MEMLEKETLER ARASI MÜDAHALE PLANI
“6-8 Ekim vakaları, PKK’ya boyun eğmeyen ve bölgeyi terk etmeyi de kabul etmeyen Kürtlerin imhası yahut bölgeden kaçmaya zorlanmasıdır. Fakat bir maksat daha vardı. O da ülkeyi iç savaş ortamına sürükleyerek memleketler arası bir müdahaleye açık hale getirmekti. Daha sonraki çukur/barikat siyaseti de bu stratejinin taktik safhalarından biriydi. Suriye’de iç savaş başladıktan sonra hakimiyet sağladığı bölgeden başka Kürtleri çıkardı. Kimini öldürdü, kimini sürdü. Burada ise evvelden “temizlik” yapmak istedi.”

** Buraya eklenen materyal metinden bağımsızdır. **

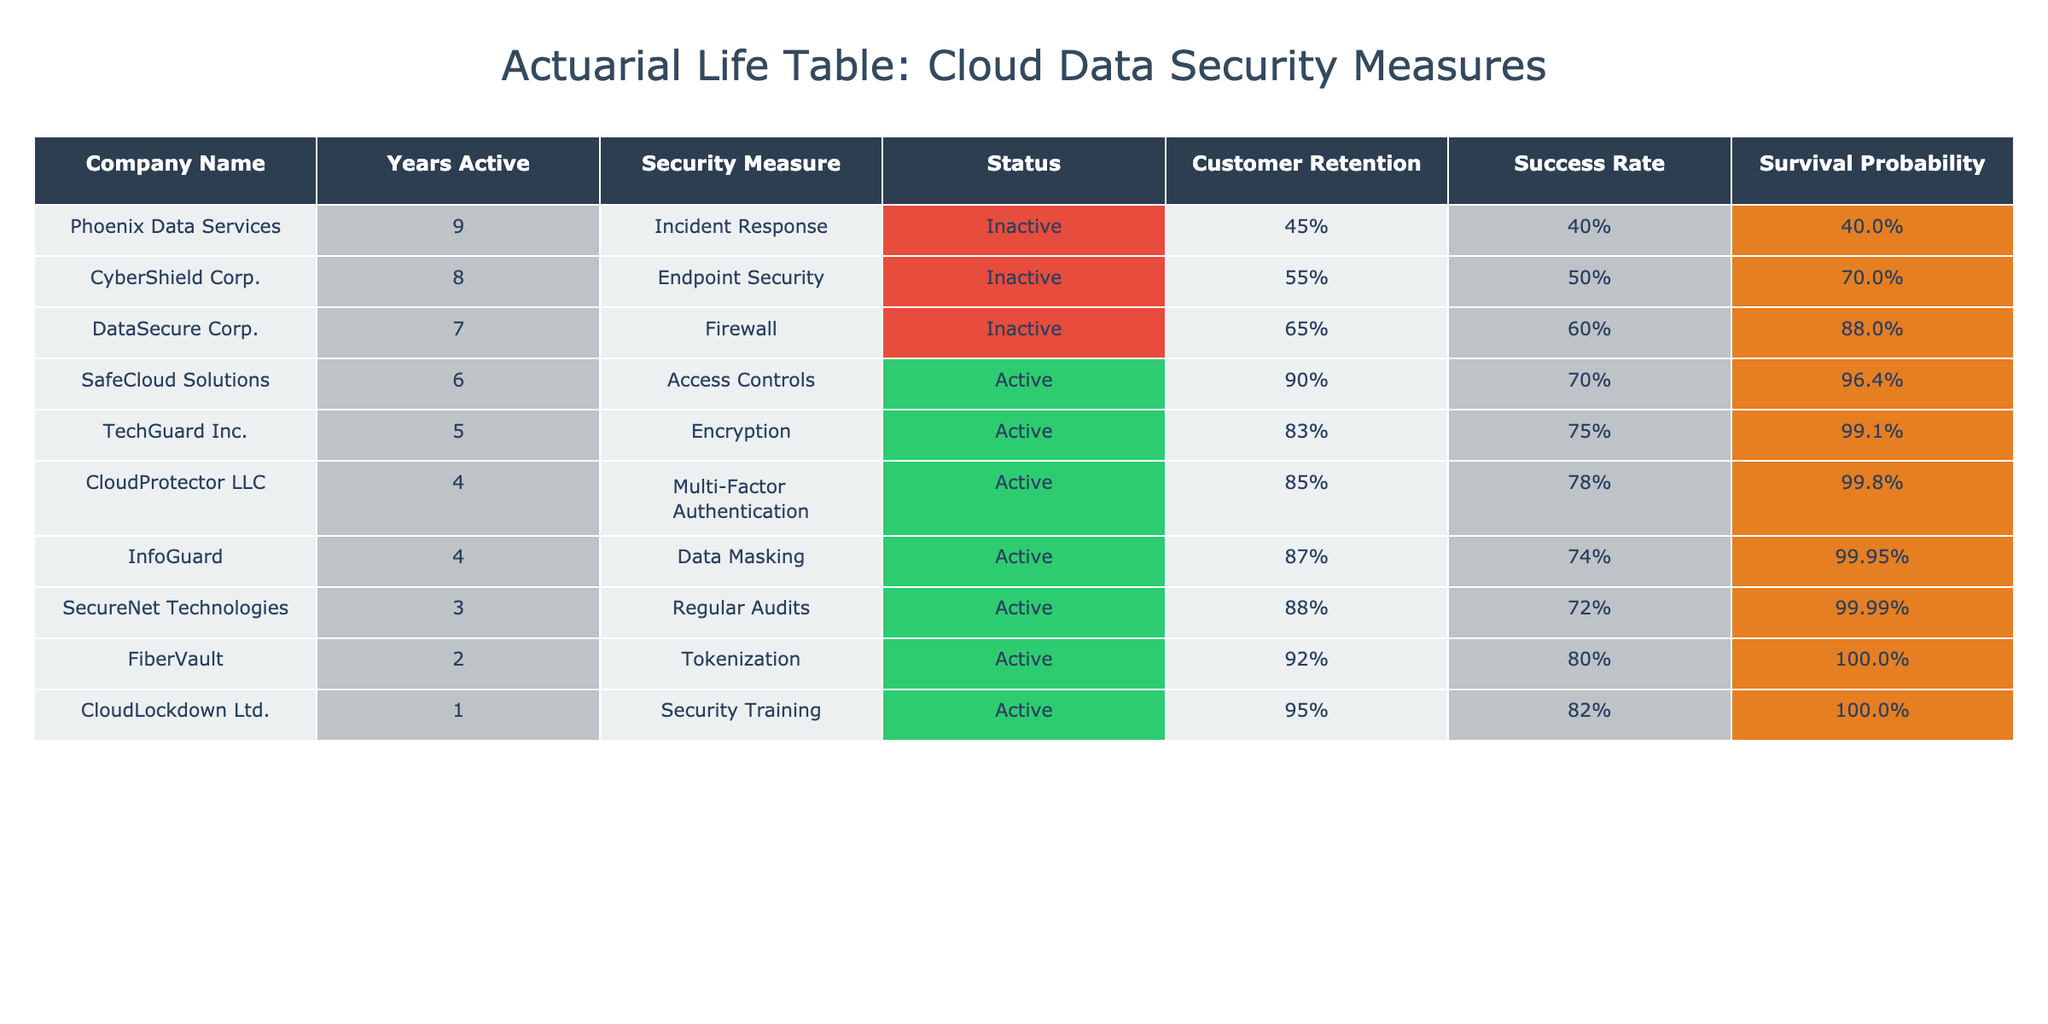What is the estimated customer retention rate for DataSecure Corp.? The estimated customer retention rate is directly listed in the table for DataSecure Corp., which shows 65%.
Answer: 65% Which company has the highest annual revenue? By comparing the annual revenue figures in the table, SafeCloud Solutions has the highest value at 200 million.
Answer: 200 million What is the average years active of the companies listed? The years active are 5, 6, 7, 4, 3, 8, 2, 4, 1, and 9. The sum is 49, and there are 10 companies, so the average is 49/10 = 4.9.
Answer: 4.9 Is the current status of CloudLockdown Ltd. active? Checking the 'Current Status' column for CloudLockdown Ltd., it is marked as Active.
Answer: Yes Which data security measure has the highest success rate? The success rates listed are 75%, 70%, 60%, 78%, 72%, 50%, 80%, 74%, 82%, and 40%. The highest is 82% for CloudLockdown Ltd. with the Security Training measure.
Answer: 82% What is the survival probability for CyberShield Corp.? To find this, look at the survival probability column for CyberShield Corp., which shows 88% after calculating based on its success rate and years active.
Answer: 88% How many companies are currently inactive? The statuses of companies show that DataSecure Corp., CyberShield Corp., and Phoenix Data Services are inactive, making it a total of 3 inactive companies.
Answer: 3 If we combine the annual revenues of all active companies, what is the total? The active companies have annual revenues of 150, 200, 180, 220, 130, 110, and 140 which sums up to 1,180 million.
Answer: 1,180 million Among the inactive companies, which one had the highest years active? By comparing the years active of the inactive companies, Phoenix Data Services has the highest at 9 years.
Answer: 9 years 
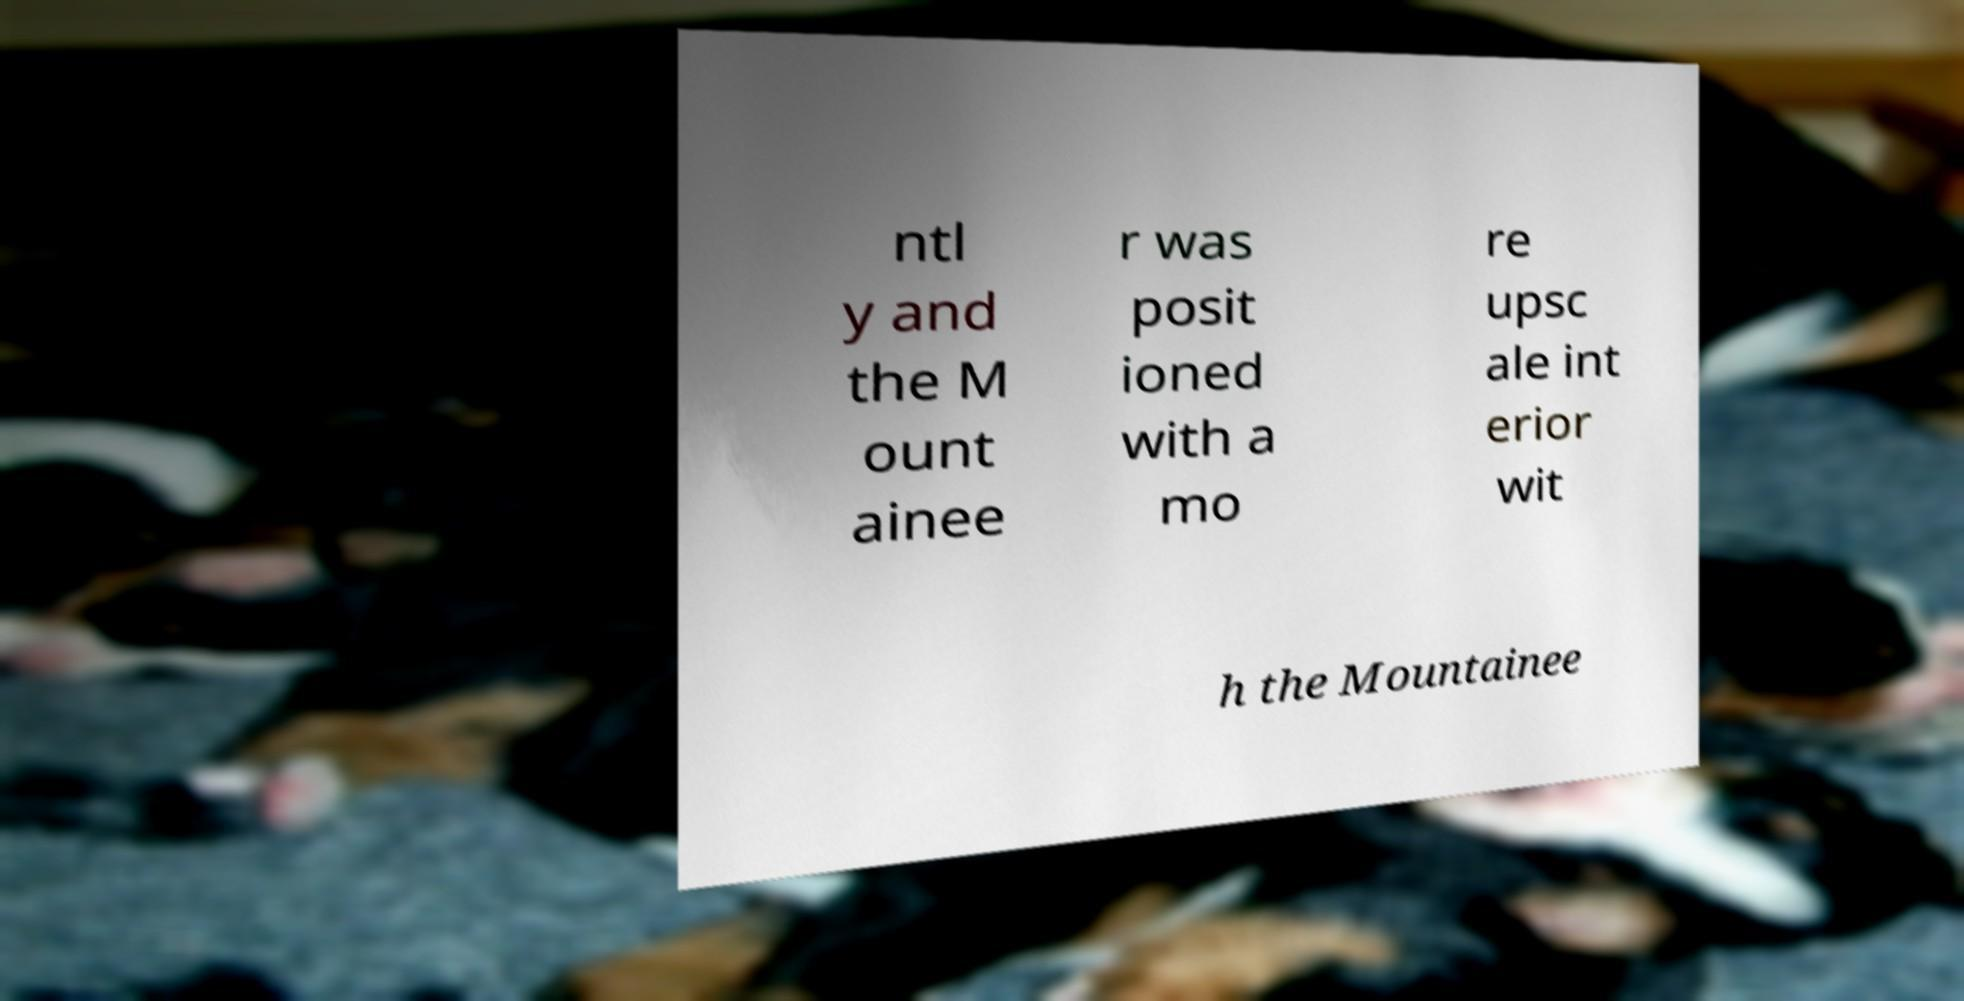Please identify and transcribe the text found in this image. ntl y and the M ount ainee r was posit ioned with a mo re upsc ale int erior wit h the Mountainee 
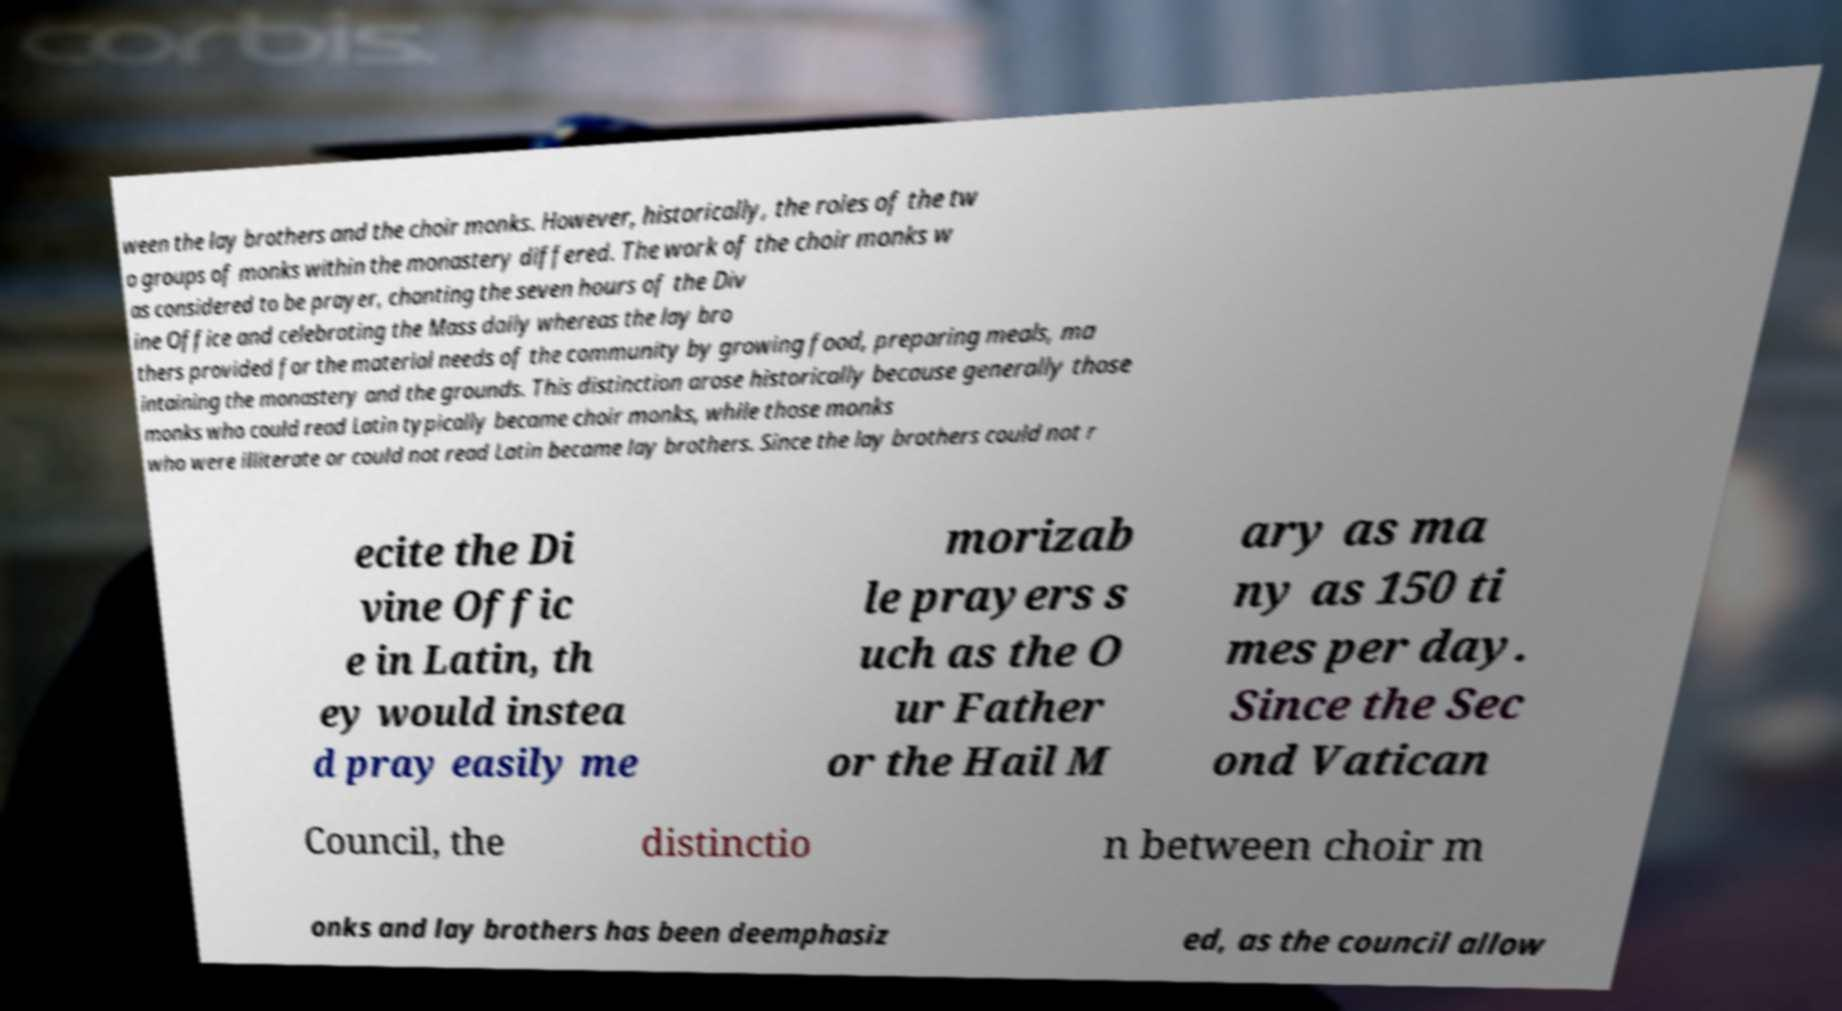Please identify and transcribe the text found in this image. ween the lay brothers and the choir monks. However, historically, the roles of the tw o groups of monks within the monastery differed. The work of the choir monks w as considered to be prayer, chanting the seven hours of the Div ine Office and celebrating the Mass daily whereas the lay bro thers provided for the material needs of the community by growing food, preparing meals, ma intaining the monastery and the grounds. This distinction arose historically because generally those monks who could read Latin typically became choir monks, while those monks who were illiterate or could not read Latin became lay brothers. Since the lay brothers could not r ecite the Di vine Offic e in Latin, th ey would instea d pray easily me morizab le prayers s uch as the O ur Father or the Hail M ary as ma ny as 150 ti mes per day. Since the Sec ond Vatican Council, the distinctio n between choir m onks and lay brothers has been deemphasiz ed, as the council allow 
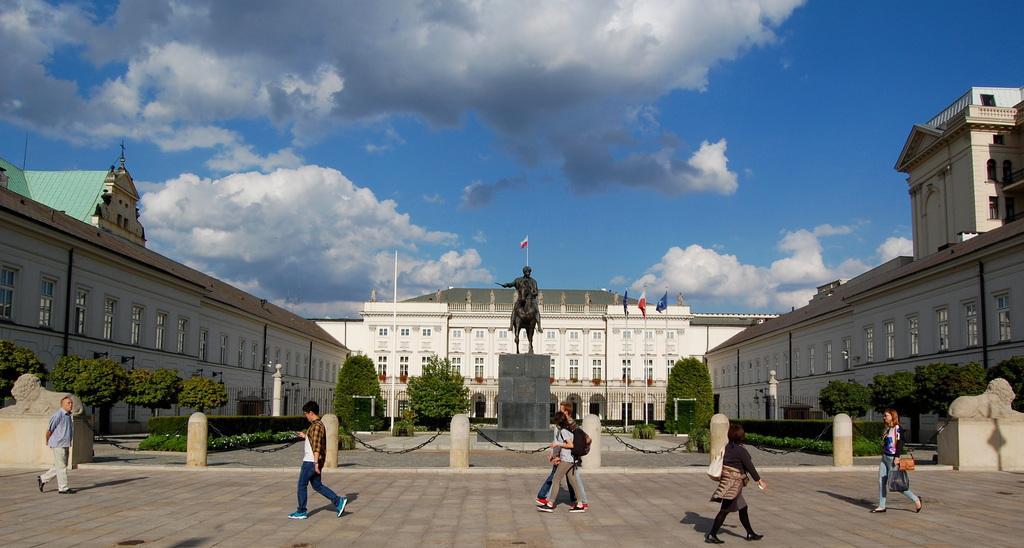Can you describe this image briefly? At the bottom of this image, there are persons in different color dresses, walking on the road. In the background, there are statues, trees, plants, buildings and there are clouds in the blue sky. 
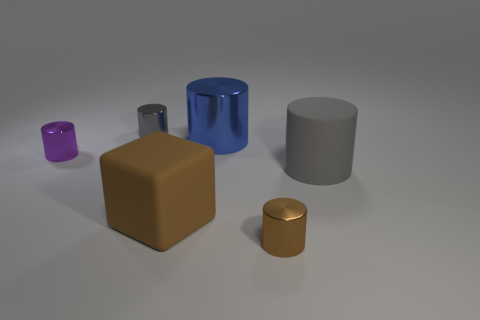Add 3 tiny purple matte cylinders. How many objects exist? 9 Subtract all large cylinders. How many cylinders are left? 3 Subtract all yellow cubes. How many gray cylinders are left? 2 Subtract 1 cylinders. How many cylinders are left? 4 Subtract all purple cylinders. How many cylinders are left? 4 Subtract all cylinders. How many objects are left? 1 Subtract all yellow cylinders. Subtract all brown balls. How many cylinders are left? 5 Subtract all gray metallic things. Subtract all large gray blocks. How many objects are left? 5 Add 2 big shiny objects. How many big shiny objects are left? 3 Add 1 purple things. How many purple things exist? 2 
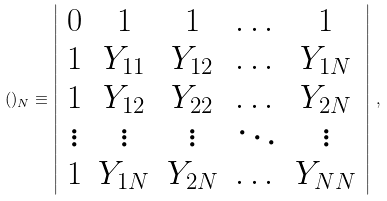<formula> <loc_0><loc_0><loc_500><loc_500>( ) _ { N } \equiv \left | \begin{array} { c c c c c } 0 & 1 & 1 & \dots & 1 \\ 1 & Y _ { 1 1 } & Y _ { 1 2 } & \dots & Y _ { 1 N } \\ 1 & Y _ { 1 2 } & Y _ { 2 2 } & \dots & Y _ { 2 N } \\ \vdots & \vdots & \vdots & \ddots & \vdots \\ 1 & Y _ { 1 N } & Y _ { 2 N } & \dots & Y _ { N N } \end{array} \right | \, ,</formula> 
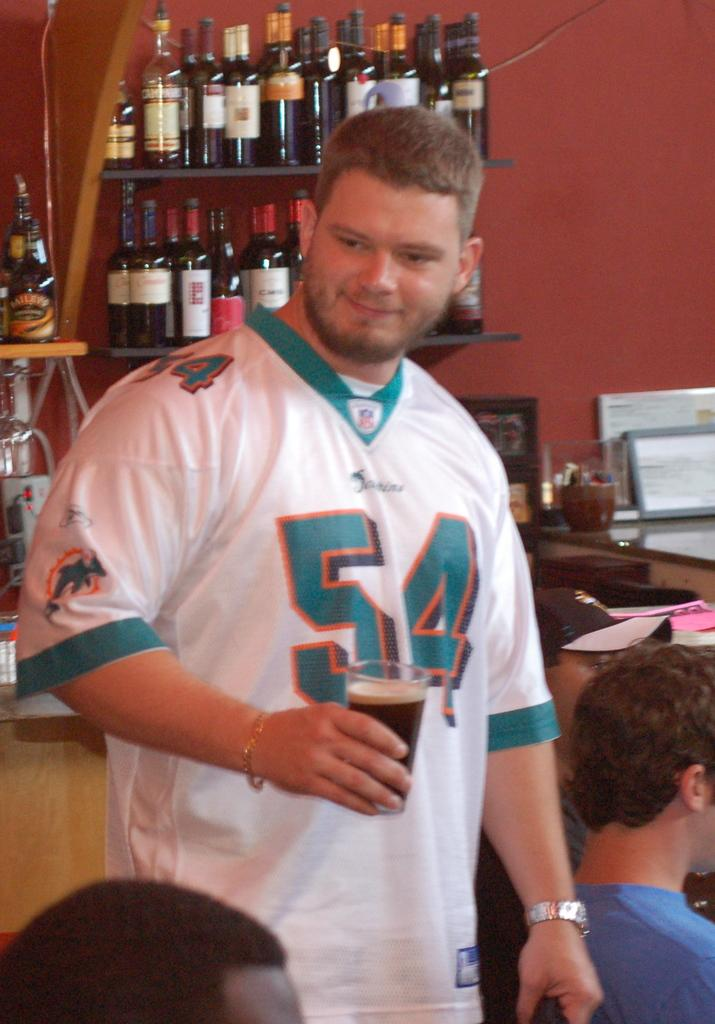What is the person in the image holding? The person is holding a glass with a drink in the image. Can you describe the surroundings of the person? There are other people around the person in the image. What can be seen in the background of the image? There are bottles on shelves visible in the background of the image. What color of paint is being used by the person in the image? There is no paint or painting activity present in the image. Is the person in the image in jail? There is no indication in the image that the person is in jail. 
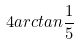<formula> <loc_0><loc_0><loc_500><loc_500>4 a r c t a n \frac { 1 } { 5 }</formula>

FETÖ’cü kolluk katliamı seyretti
Hadiselerin büyümesinde kolluk gücü içerisindeki FETÖ’cülerin de rolü olduğuna işaret eden Zekeriya Yapıcıoğlu şunları kaydetti: “Nasıl PKK önünde pürüz gördüğü kişi ve kurumları gaye alıyorsa, global emperyalistler de kendilerini rahatsız eden yahut gayelerine varma konusunda mani olarak gördüklerini amaç alırlar. Global emperyalistlerin elinde elverişli bir aparat olan PKK’nin çıkarı ve emperyalistlerin çıkarı örtüştüğünde vazife tevdi edildi ve katliam planı devreye sokuldu. FETÖ’nün de ipi tıpkı yerdeydi. Bu nedenle kolluk katliamı seyretti. 2014 ve 2015 seçimlerinde polis ve asker lojmanlarındaki sandık sonuçlarına bakılırsa fotoğraf daha net ortaya çıkar.”